The effects of the latest wave of migration are going to be felt for the next five to 10 years. Despite what people in the U.S. think, Europe has made enormous progress integrating migrants, especially in Germany. This has happened through investing in integration — language and civics classes, for example, and integrating people into the labor force. It’s possible to do this when you have 30,000 people arriving, but what do you do about 1 million people, as looks possible in Germany? Meanwhile, Greece is completely broke. Macedonia has closed the border and an awful lot of people may end up being stuck in Greece. How will the people of Greece react? There have been a lot of very nasty reactions to immigrants in Greece in the last few years.
Unless we have a strategic response to this crisis, a lot of countries are going to be overwhelmed.
What needs to happen for Europe to adopt a more strategic migration policy?
If a few of the more powerful and wealthy countries in the European Union get together and decide to push Brussels, it could happen. Each one has a comet tail of other countries that would support them.
Is there political will to do that?
The simple fact is that if [European leaders] don’t take control, they will lose their jobs. Governments will fall if the reaction gets even more hostile. People always say it’s just extremists and racists and try to sideline the issue. But if this hostility becomes mainstream, some of the politicians’ rhetoric and policies will have to move further to the right, and then it’s too late.
What do you expect Europe to do next?
They seem to be moving in the direction of a greater police response.

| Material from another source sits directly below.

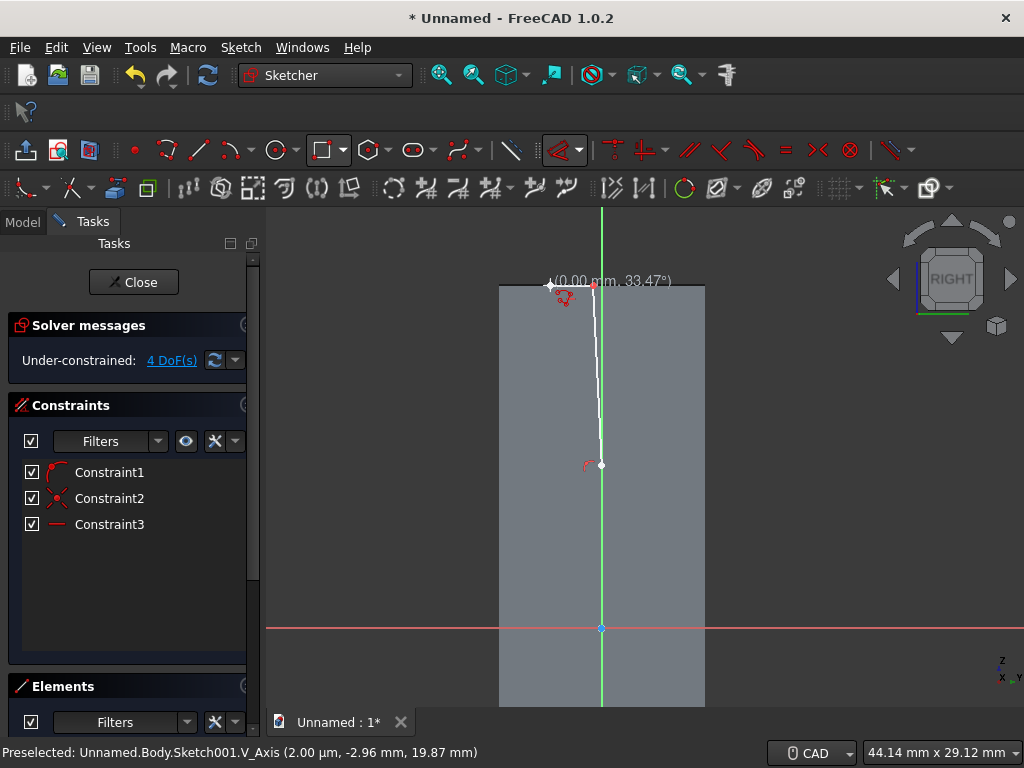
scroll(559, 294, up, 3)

The U.K. and France forged an agreement over [the migrant crisis in] Calais on Thursday that focused on police enforcement. It’s likely that the next set of initiatives will fall more on security rather than a complex set of integrated activities.
However, Germany’s development minister recently called for 10 billion euros to support Turkey, Lebanon and Jordan — countries that are hosting nearly 4 million Syrian refugees. This suggests that Europe could be beginning to think more strategically.
This interview has been edited and condensed for clarity.